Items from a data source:
================

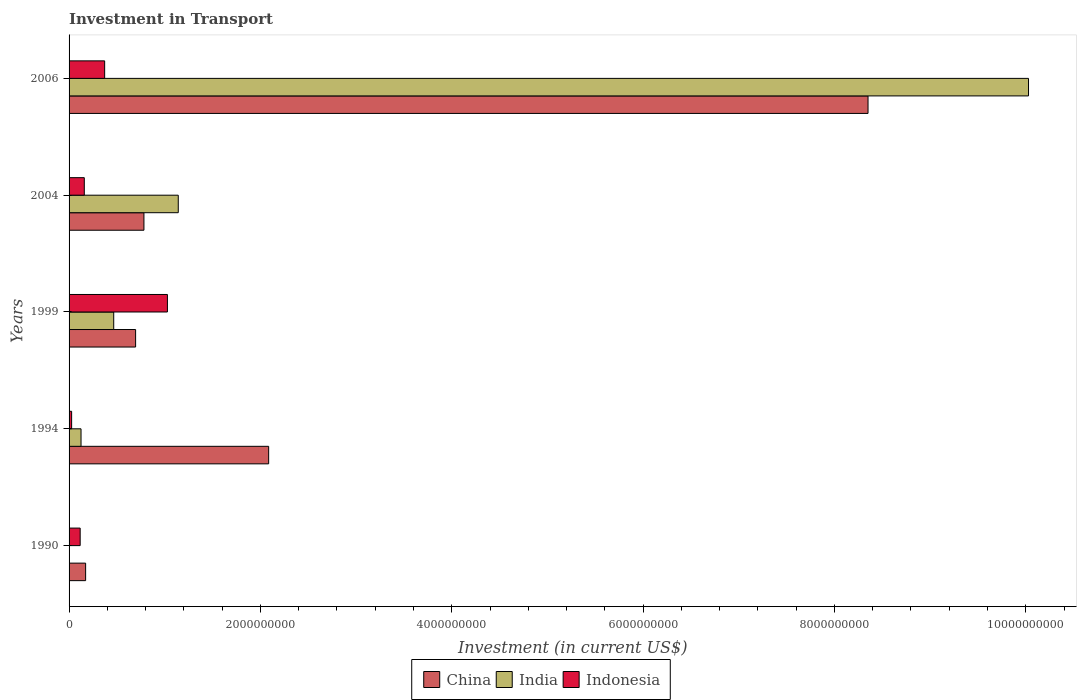How many groups of bars are there?
Keep it short and to the point. 5. Are the number of bars per tick equal to the number of legend labels?
Offer a very short reply. Yes. How many bars are there on the 5th tick from the top?
Give a very brief answer. 3. What is the label of the 3rd group of bars from the top?
Offer a very short reply. 1999. In how many cases, is the number of bars for a given year not equal to the number of legend labels?
Your response must be concise. 0. What is the amount invested in transport in Indonesia in 1999?
Offer a very short reply. 1.03e+09. Across all years, what is the maximum amount invested in transport in India?
Offer a very short reply. 1.00e+1. Across all years, what is the minimum amount invested in transport in Indonesia?
Provide a succinct answer. 2.67e+07. What is the total amount invested in transport in China in the graph?
Provide a succinct answer. 1.21e+1. What is the difference between the amount invested in transport in Indonesia in 1999 and that in 2006?
Ensure brevity in your answer.  6.56e+08. What is the difference between the amount invested in transport in India in 1990 and the amount invested in transport in China in 1994?
Offer a very short reply. -2.08e+09. What is the average amount invested in transport in Indonesia per year?
Provide a succinct answer. 3.40e+08. In the year 2006, what is the difference between the amount invested in transport in Indonesia and amount invested in transport in India?
Offer a terse response. -9.66e+09. In how many years, is the amount invested in transport in India greater than 2800000000 US$?
Give a very brief answer. 1. What is the ratio of the amount invested in transport in Indonesia in 1999 to that in 2004?
Make the answer very short. 6.46. Is the amount invested in transport in India in 1990 less than that in 2004?
Make the answer very short. Yes. What is the difference between the highest and the second highest amount invested in transport in China?
Offer a terse response. 6.26e+09. What is the difference between the highest and the lowest amount invested in transport in China?
Ensure brevity in your answer.  8.18e+09. Is the sum of the amount invested in transport in India in 1994 and 2004 greater than the maximum amount invested in transport in Indonesia across all years?
Your answer should be very brief. Yes. What does the 2nd bar from the bottom in 2004 represents?
Offer a terse response. India. Is it the case that in every year, the sum of the amount invested in transport in Indonesia and amount invested in transport in India is greater than the amount invested in transport in China?
Provide a short and direct response. No. Where does the legend appear in the graph?
Your answer should be very brief. Bottom center. How many legend labels are there?
Keep it short and to the point. 3. How are the legend labels stacked?
Give a very brief answer. Horizontal. What is the title of the graph?
Your answer should be very brief. Investment in Transport. Does "South Asia" appear as one of the legend labels in the graph?
Your response must be concise. No. What is the label or title of the X-axis?
Your response must be concise. Investment (in current US$). What is the label or title of the Y-axis?
Your answer should be compact. Years. What is the Investment (in current US$) in China in 1990?
Your answer should be compact. 1.73e+08. What is the Investment (in current US$) of India in 1990?
Offer a terse response. 1.90e+06. What is the Investment (in current US$) of Indonesia in 1990?
Offer a very short reply. 1.16e+08. What is the Investment (in current US$) in China in 1994?
Ensure brevity in your answer.  2.09e+09. What is the Investment (in current US$) in India in 1994?
Provide a short and direct response. 1.25e+08. What is the Investment (in current US$) of Indonesia in 1994?
Provide a short and direct response. 2.67e+07. What is the Investment (in current US$) in China in 1999?
Your response must be concise. 6.96e+08. What is the Investment (in current US$) of India in 1999?
Offer a terse response. 4.67e+08. What is the Investment (in current US$) of Indonesia in 1999?
Give a very brief answer. 1.03e+09. What is the Investment (in current US$) of China in 2004?
Provide a succinct answer. 7.83e+08. What is the Investment (in current US$) in India in 2004?
Your answer should be very brief. 1.14e+09. What is the Investment (in current US$) of Indonesia in 2004?
Your answer should be compact. 1.59e+08. What is the Investment (in current US$) of China in 2006?
Provide a short and direct response. 8.35e+09. What is the Investment (in current US$) of India in 2006?
Provide a short and direct response. 1.00e+1. What is the Investment (in current US$) of Indonesia in 2006?
Provide a succinct answer. 3.72e+08. Across all years, what is the maximum Investment (in current US$) of China?
Your answer should be very brief. 8.35e+09. Across all years, what is the maximum Investment (in current US$) of India?
Keep it short and to the point. 1.00e+1. Across all years, what is the maximum Investment (in current US$) in Indonesia?
Your response must be concise. 1.03e+09. Across all years, what is the minimum Investment (in current US$) of China?
Your answer should be very brief. 1.73e+08. Across all years, what is the minimum Investment (in current US$) in India?
Make the answer very short. 1.90e+06. Across all years, what is the minimum Investment (in current US$) of Indonesia?
Provide a succinct answer. 2.67e+07. What is the total Investment (in current US$) in China in the graph?
Offer a terse response. 1.21e+1. What is the total Investment (in current US$) of India in the graph?
Give a very brief answer. 1.18e+1. What is the total Investment (in current US$) in Indonesia in the graph?
Offer a terse response. 1.70e+09. What is the difference between the Investment (in current US$) in China in 1990 and that in 1994?
Give a very brief answer. -1.91e+09. What is the difference between the Investment (in current US$) in India in 1990 and that in 1994?
Provide a short and direct response. -1.23e+08. What is the difference between the Investment (in current US$) of Indonesia in 1990 and that in 1994?
Your answer should be compact. 8.93e+07. What is the difference between the Investment (in current US$) of China in 1990 and that in 1999?
Your answer should be compact. -5.23e+08. What is the difference between the Investment (in current US$) of India in 1990 and that in 1999?
Provide a short and direct response. -4.65e+08. What is the difference between the Investment (in current US$) of Indonesia in 1990 and that in 1999?
Offer a terse response. -9.12e+08. What is the difference between the Investment (in current US$) of China in 1990 and that in 2004?
Your answer should be compact. -6.10e+08. What is the difference between the Investment (in current US$) in India in 1990 and that in 2004?
Offer a terse response. -1.14e+09. What is the difference between the Investment (in current US$) in Indonesia in 1990 and that in 2004?
Ensure brevity in your answer.  -4.32e+07. What is the difference between the Investment (in current US$) of China in 1990 and that in 2006?
Offer a terse response. -8.18e+09. What is the difference between the Investment (in current US$) in India in 1990 and that in 2006?
Make the answer very short. -1.00e+1. What is the difference between the Investment (in current US$) in Indonesia in 1990 and that in 2006?
Give a very brief answer. -2.56e+08. What is the difference between the Investment (in current US$) in China in 1994 and that in 1999?
Keep it short and to the point. 1.39e+09. What is the difference between the Investment (in current US$) of India in 1994 and that in 1999?
Offer a very short reply. -3.42e+08. What is the difference between the Investment (in current US$) of Indonesia in 1994 and that in 1999?
Your answer should be very brief. -1.00e+09. What is the difference between the Investment (in current US$) in China in 1994 and that in 2004?
Offer a terse response. 1.30e+09. What is the difference between the Investment (in current US$) of India in 1994 and that in 2004?
Make the answer very short. -1.02e+09. What is the difference between the Investment (in current US$) of Indonesia in 1994 and that in 2004?
Give a very brief answer. -1.32e+08. What is the difference between the Investment (in current US$) of China in 1994 and that in 2006?
Ensure brevity in your answer.  -6.26e+09. What is the difference between the Investment (in current US$) in India in 1994 and that in 2006?
Make the answer very short. -9.90e+09. What is the difference between the Investment (in current US$) of Indonesia in 1994 and that in 2006?
Keep it short and to the point. -3.45e+08. What is the difference between the Investment (in current US$) in China in 1999 and that in 2004?
Provide a short and direct response. -8.70e+07. What is the difference between the Investment (in current US$) in India in 1999 and that in 2004?
Your response must be concise. -6.75e+08. What is the difference between the Investment (in current US$) of Indonesia in 1999 and that in 2004?
Keep it short and to the point. 8.69e+08. What is the difference between the Investment (in current US$) of China in 1999 and that in 2006?
Your answer should be very brief. -7.66e+09. What is the difference between the Investment (in current US$) in India in 1999 and that in 2006?
Offer a terse response. -9.56e+09. What is the difference between the Investment (in current US$) in Indonesia in 1999 and that in 2006?
Ensure brevity in your answer.  6.56e+08. What is the difference between the Investment (in current US$) of China in 2004 and that in 2006?
Your answer should be compact. -7.57e+09. What is the difference between the Investment (in current US$) of India in 2004 and that in 2006?
Keep it short and to the point. -8.89e+09. What is the difference between the Investment (in current US$) in Indonesia in 2004 and that in 2006?
Provide a short and direct response. -2.13e+08. What is the difference between the Investment (in current US$) of China in 1990 and the Investment (in current US$) of India in 1994?
Give a very brief answer. 4.80e+07. What is the difference between the Investment (in current US$) of China in 1990 and the Investment (in current US$) of Indonesia in 1994?
Offer a very short reply. 1.46e+08. What is the difference between the Investment (in current US$) in India in 1990 and the Investment (in current US$) in Indonesia in 1994?
Provide a short and direct response. -2.48e+07. What is the difference between the Investment (in current US$) of China in 1990 and the Investment (in current US$) of India in 1999?
Provide a short and direct response. -2.94e+08. What is the difference between the Investment (in current US$) in China in 1990 and the Investment (in current US$) in Indonesia in 1999?
Your answer should be compact. -8.55e+08. What is the difference between the Investment (in current US$) in India in 1990 and the Investment (in current US$) in Indonesia in 1999?
Offer a terse response. -1.03e+09. What is the difference between the Investment (in current US$) in China in 1990 and the Investment (in current US$) in India in 2004?
Your response must be concise. -9.68e+08. What is the difference between the Investment (in current US$) in China in 1990 and the Investment (in current US$) in Indonesia in 2004?
Your answer should be compact. 1.38e+07. What is the difference between the Investment (in current US$) in India in 1990 and the Investment (in current US$) in Indonesia in 2004?
Your answer should be compact. -1.57e+08. What is the difference between the Investment (in current US$) of China in 1990 and the Investment (in current US$) of India in 2006?
Your answer should be compact. -9.86e+09. What is the difference between the Investment (in current US$) of China in 1990 and the Investment (in current US$) of Indonesia in 2006?
Provide a short and direct response. -1.99e+08. What is the difference between the Investment (in current US$) in India in 1990 and the Investment (in current US$) in Indonesia in 2006?
Give a very brief answer. -3.70e+08. What is the difference between the Investment (in current US$) in China in 1994 and the Investment (in current US$) in India in 1999?
Your response must be concise. 1.62e+09. What is the difference between the Investment (in current US$) in China in 1994 and the Investment (in current US$) in Indonesia in 1999?
Your response must be concise. 1.06e+09. What is the difference between the Investment (in current US$) of India in 1994 and the Investment (in current US$) of Indonesia in 1999?
Offer a terse response. -9.03e+08. What is the difference between the Investment (in current US$) of China in 1994 and the Investment (in current US$) of India in 2004?
Ensure brevity in your answer.  9.45e+08. What is the difference between the Investment (in current US$) in China in 1994 and the Investment (in current US$) in Indonesia in 2004?
Offer a very short reply. 1.93e+09. What is the difference between the Investment (in current US$) in India in 1994 and the Investment (in current US$) in Indonesia in 2004?
Provide a succinct answer. -3.42e+07. What is the difference between the Investment (in current US$) in China in 1994 and the Investment (in current US$) in India in 2006?
Provide a succinct answer. -7.94e+09. What is the difference between the Investment (in current US$) of China in 1994 and the Investment (in current US$) of Indonesia in 2006?
Offer a terse response. 1.71e+09. What is the difference between the Investment (in current US$) in India in 1994 and the Investment (in current US$) in Indonesia in 2006?
Provide a short and direct response. -2.47e+08. What is the difference between the Investment (in current US$) in China in 1999 and the Investment (in current US$) in India in 2004?
Ensure brevity in your answer.  -4.46e+08. What is the difference between the Investment (in current US$) in China in 1999 and the Investment (in current US$) in Indonesia in 2004?
Keep it short and to the point. 5.36e+08. What is the difference between the Investment (in current US$) in India in 1999 and the Investment (in current US$) in Indonesia in 2004?
Your answer should be compact. 3.08e+08. What is the difference between the Investment (in current US$) in China in 1999 and the Investment (in current US$) in India in 2006?
Provide a succinct answer. -9.33e+09. What is the difference between the Investment (in current US$) of China in 1999 and the Investment (in current US$) of Indonesia in 2006?
Provide a short and direct response. 3.24e+08. What is the difference between the Investment (in current US$) in India in 1999 and the Investment (in current US$) in Indonesia in 2006?
Offer a very short reply. 9.47e+07. What is the difference between the Investment (in current US$) in China in 2004 and the Investment (in current US$) in India in 2006?
Your answer should be compact. -9.25e+09. What is the difference between the Investment (in current US$) of China in 2004 and the Investment (in current US$) of Indonesia in 2006?
Offer a terse response. 4.11e+08. What is the difference between the Investment (in current US$) of India in 2004 and the Investment (in current US$) of Indonesia in 2006?
Provide a short and direct response. 7.69e+08. What is the average Investment (in current US$) in China per year?
Offer a very short reply. 2.42e+09. What is the average Investment (in current US$) in India per year?
Provide a succinct answer. 2.35e+09. What is the average Investment (in current US$) of Indonesia per year?
Keep it short and to the point. 3.40e+08. In the year 1990, what is the difference between the Investment (in current US$) in China and Investment (in current US$) in India?
Give a very brief answer. 1.71e+08. In the year 1990, what is the difference between the Investment (in current US$) of China and Investment (in current US$) of Indonesia?
Make the answer very short. 5.70e+07. In the year 1990, what is the difference between the Investment (in current US$) of India and Investment (in current US$) of Indonesia?
Give a very brief answer. -1.14e+08. In the year 1994, what is the difference between the Investment (in current US$) of China and Investment (in current US$) of India?
Provide a succinct answer. 1.96e+09. In the year 1994, what is the difference between the Investment (in current US$) in China and Investment (in current US$) in Indonesia?
Your answer should be compact. 2.06e+09. In the year 1994, what is the difference between the Investment (in current US$) of India and Investment (in current US$) of Indonesia?
Ensure brevity in your answer.  9.83e+07. In the year 1999, what is the difference between the Investment (in current US$) in China and Investment (in current US$) in India?
Ensure brevity in your answer.  2.29e+08. In the year 1999, what is the difference between the Investment (in current US$) of China and Investment (in current US$) of Indonesia?
Ensure brevity in your answer.  -3.32e+08. In the year 1999, what is the difference between the Investment (in current US$) in India and Investment (in current US$) in Indonesia?
Provide a short and direct response. -5.61e+08. In the year 2004, what is the difference between the Investment (in current US$) of China and Investment (in current US$) of India?
Offer a terse response. -3.59e+08. In the year 2004, what is the difference between the Investment (in current US$) in China and Investment (in current US$) in Indonesia?
Make the answer very short. 6.23e+08. In the year 2004, what is the difference between the Investment (in current US$) of India and Investment (in current US$) of Indonesia?
Provide a short and direct response. 9.82e+08. In the year 2006, what is the difference between the Investment (in current US$) of China and Investment (in current US$) of India?
Provide a succinct answer. -1.68e+09. In the year 2006, what is the difference between the Investment (in current US$) in China and Investment (in current US$) in Indonesia?
Give a very brief answer. 7.98e+09. In the year 2006, what is the difference between the Investment (in current US$) of India and Investment (in current US$) of Indonesia?
Offer a terse response. 9.66e+09. What is the ratio of the Investment (in current US$) of China in 1990 to that in 1994?
Provide a succinct answer. 0.08. What is the ratio of the Investment (in current US$) of India in 1990 to that in 1994?
Your answer should be very brief. 0.02. What is the ratio of the Investment (in current US$) of Indonesia in 1990 to that in 1994?
Offer a terse response. 4.34. What is the ratio of the Investment (in current US$) in China in 1990 to that in 1999?
Provide a succinct answer. 0.25. What is the ratio of the Investment (in current US$) of India in 1990 to that in 1999?
Ensure brevity in your answer.  0. What is the ratio of the Investment (in current US$) in Indonesia in 1990 to that in 1999?
Offer a terse response. 0.11. What is the ratio of the Investment (in current US$) in China in 1990 to that in 2004?
Give a very brief answer. 0.22. What is the ratio of the Investment (in current US$) of India in 1990 to that in 2004?
Your answer should be compact. 0. What is the ratio of the Investment (in current US$) of Indonesia in 1990 to that in 2004?
Give a very brief answer. 0.73. What is the ratio of the Investment (in current US$) of China in 1990 to that in 2006?
Offer a very short reply. 0.02. What is the ratio of the Investment (in current US$) in India in 1990 to that in 2006?
Your answer should be very brief. 0. What is the ratio of the Investment (in current US$) of Indonesia in 1990 to that in 2006?
Your answer should be compact. 0.31. What is the ratio of the Investment (in current US$) of China in 1994 to that in 1999?
Make the answer very short. 3. What is the ratio of the Investment (in current US$) of India in 1994 to that in 1999?
Provide a short and direct response. 0.27. What is the ratio of the Investment (in current US$) in Indonesia in 1994 to that in 1999?
Offer a very short reply. 0.03. What is the ratio of the Investment (in current US$) of China in 1994 to that in 2004?
Give a very brief answer. 2.67. What is the ratio of the Investment (in current US$) of India in 1994 to that in 2004?
Your answer should be very brief. 0.11. What is the ratio of the Investment (in current US$) of Indonesia in 1994 to that in 2004?
Ensure brevity in your answer.  0.17. What is the ratio of the Investment (in current US$) of China in 1994 to that in 2006?
Your response must be concise. 0.25. What is the ratio of the Investment (in current US$) of India in 1994 to that in 2006?
Your answer should be very brief. 0.01. What is the ratio of the Investment (in current US$) of Indonesia in 1994 to that in 2006?
Make the answer very short. 0.07. What is the ratio of the Investment (in current US$) of China in 1999 to that in 2004?
Provide a succinct answer. 0.89. What is the ratio of the Investment (in current US$) of India in 1999 to that in 2004?
Your answer should be very brief. 0.41. What is the ratio of the Investment (in current US$) of Indonesia in 1999 to that in 2004?
Provide a succinct answer. 6.46. What is the ratio of the Investment (in current US$) in China in 1999 to that in 2006?
Provide a succinct answer. 0.08. What is the ratio of the Investment (in current US$) in India in 1999 to that in 2006?
Your answer should be very brief. 0.05. What is the ratio of the Investment (in current US$) in Indonesia in 1999 to that in 2006?
Offer a very short reply. 2.76. What is the ratio of the Investment (in current US$) of China in 2004 to that in 2006?
Keep it short and to the point. 0.09. What is the ratio of the Investment (in current US$) of India in 2004 to that in 2006?
Provide a succinct answer. 0.11. What is the ratio of the Investment (in current US$) of Indonesia in 2004 to that in 2006?
Offer a terse response. 0.43. What is the difference between the highest and the second highest Investment (in current US$) in China?
Keep it short and to the point. 6.26e+09. What is the difference between the highest and the second highest Investment (in current US$) of India?
Ensure brevity in your answer.  8.89e+09. What is the difference between the highest and the second highest Investment (in current US$) in Indonesia?
Make the answer very short. 6.56e+08. What is the difference between the highest and the lowest Investment (in current US$) in China?
Offer a terse response. 8.18e+09. What is the difference between the highest and the lowest Investment (in current US$) of India?
Provide a short and direct response. 1.00e+1. What is the difference between the highest and the lowest Investment (in current US$) of Indonesia?
Keep it short and to the point. 1.00e+09.

================

DIRECTIONS: The answer should contain only the lines from the start of the records above through the line with "Offer a very short reply. 1.03e+09.", copied exactly, and no pictures.

EXPECTED ANSWER:
How many groups of bars are there?
Keep it short and to the point. 5. Are the number of bars per tick equal to the number of legend labels?
Offer a very short reply. Yes. How many bars are there on the 5th tick from the top?
Give a very brief answer. 3. What is the label of the 3rd group of bars from the top?
Offer a very short reply. 1999. In how many cases, is the number of bars for a given year not equal to the number of legend labels?
Your response must be concise. 0. What is the amount invested in transport in Indonesia in 1999?
Offer a very short reply. 1.03e+09. Across all years, what is the maximum amount invested in transport in India?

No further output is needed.